Jonathan Vaughters: The Smartest Take On Doping In Cycling I’ve Seen

Jonathan Vaughters unburdens himself to ESPN Magazine, and gives a fascinating explanation of how the moral, practical and competitive considerations made cycling a completely doped sport. Example:

“My first two years racing [1994 and 1995], I raced clean and there was no testing whatsoever for [the blood-boosting hormone] EPO in Europe. I would be barely hanging on the back of the peloton, finishing 130th. You were stuck sitting on someone’s wheel just praying the race would slow down at some point. Then I’d come back to race in the U.S. and win — it was amazing the difference when it was all 180 guys on EPO in those European races. The race is just faster and faster and faster because everyone always has the energy for a counterattack.
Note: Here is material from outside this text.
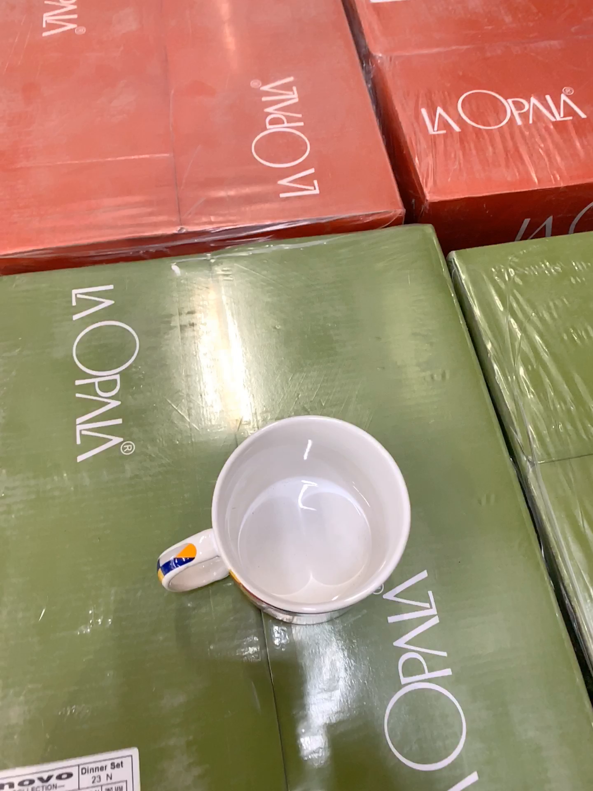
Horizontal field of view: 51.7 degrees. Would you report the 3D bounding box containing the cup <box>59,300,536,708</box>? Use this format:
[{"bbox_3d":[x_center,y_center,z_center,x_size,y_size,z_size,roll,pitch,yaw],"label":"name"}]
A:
[{"bbox_3d":[-0.003,0.047,0.245,0.130,0.100,0.090,-22,67,-12],"label":"cup"}]

“It’s against the law of nature in the pack that the guy spending 30 percent more energy pulling in the wind for kilometers on end for his team leader can suddenly somehow still hang in there for third or 13th place. The race is just faster and faster and faster because everyone always has the energy for a counterattack. Fleche Wallonne in 1994 [when riders from the same team finished 1-2-3] was the seminal moment, when it went from individuals to team-based doping. So you had an en masse decision, with doctors and managers and riders saying, OK, gig’s up; we’ve gotta do this. And the attitude among the riders was: This is medication given to me by the team doctor. He told me I need to take it.
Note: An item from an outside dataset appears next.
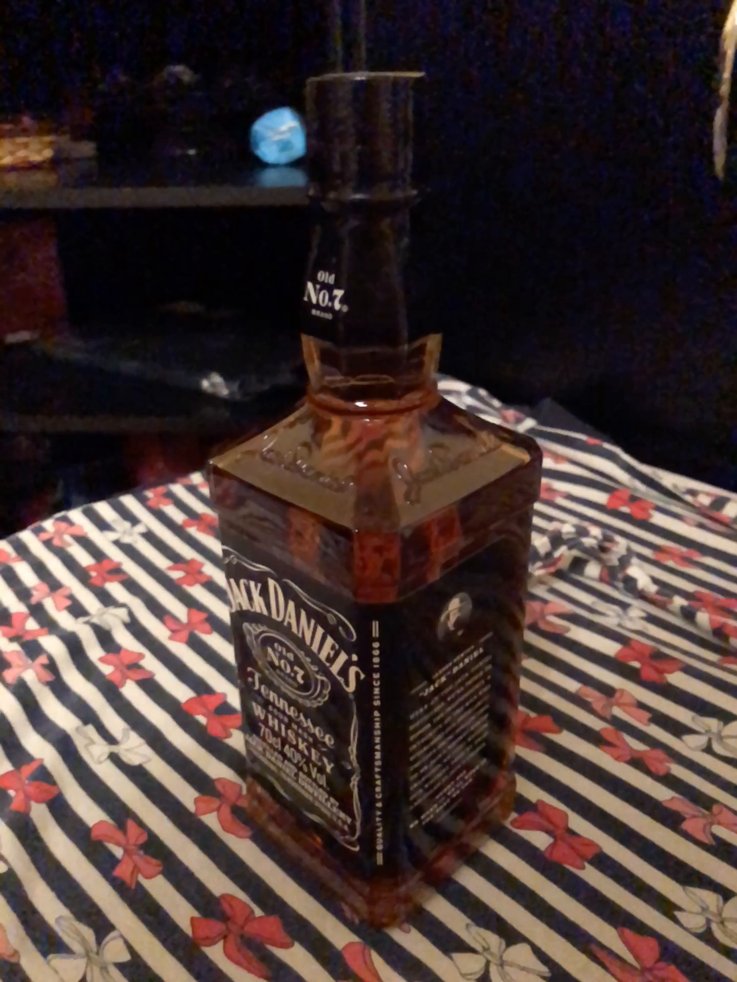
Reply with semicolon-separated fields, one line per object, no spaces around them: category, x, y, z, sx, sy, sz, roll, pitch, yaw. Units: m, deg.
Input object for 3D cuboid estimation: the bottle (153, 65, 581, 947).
bottle;0.002;0.009;0.253;0.073;0.246;0.074;-1;25;1

“With EPO in the 1990s, that was the first time in the history of sport where you had a totally undetectable drug that definitively gave a performance gain to everyone, and there wasn’t a downside. By 1996, in big races like the Tour de France, I think doping was very close to 100 percent prevalent.

Vaughters who is now part-owner, and manager of a racing team, also believes in a Truth And Reconciliation approach to getting the whole story out. It’s well worth reading his whole interview.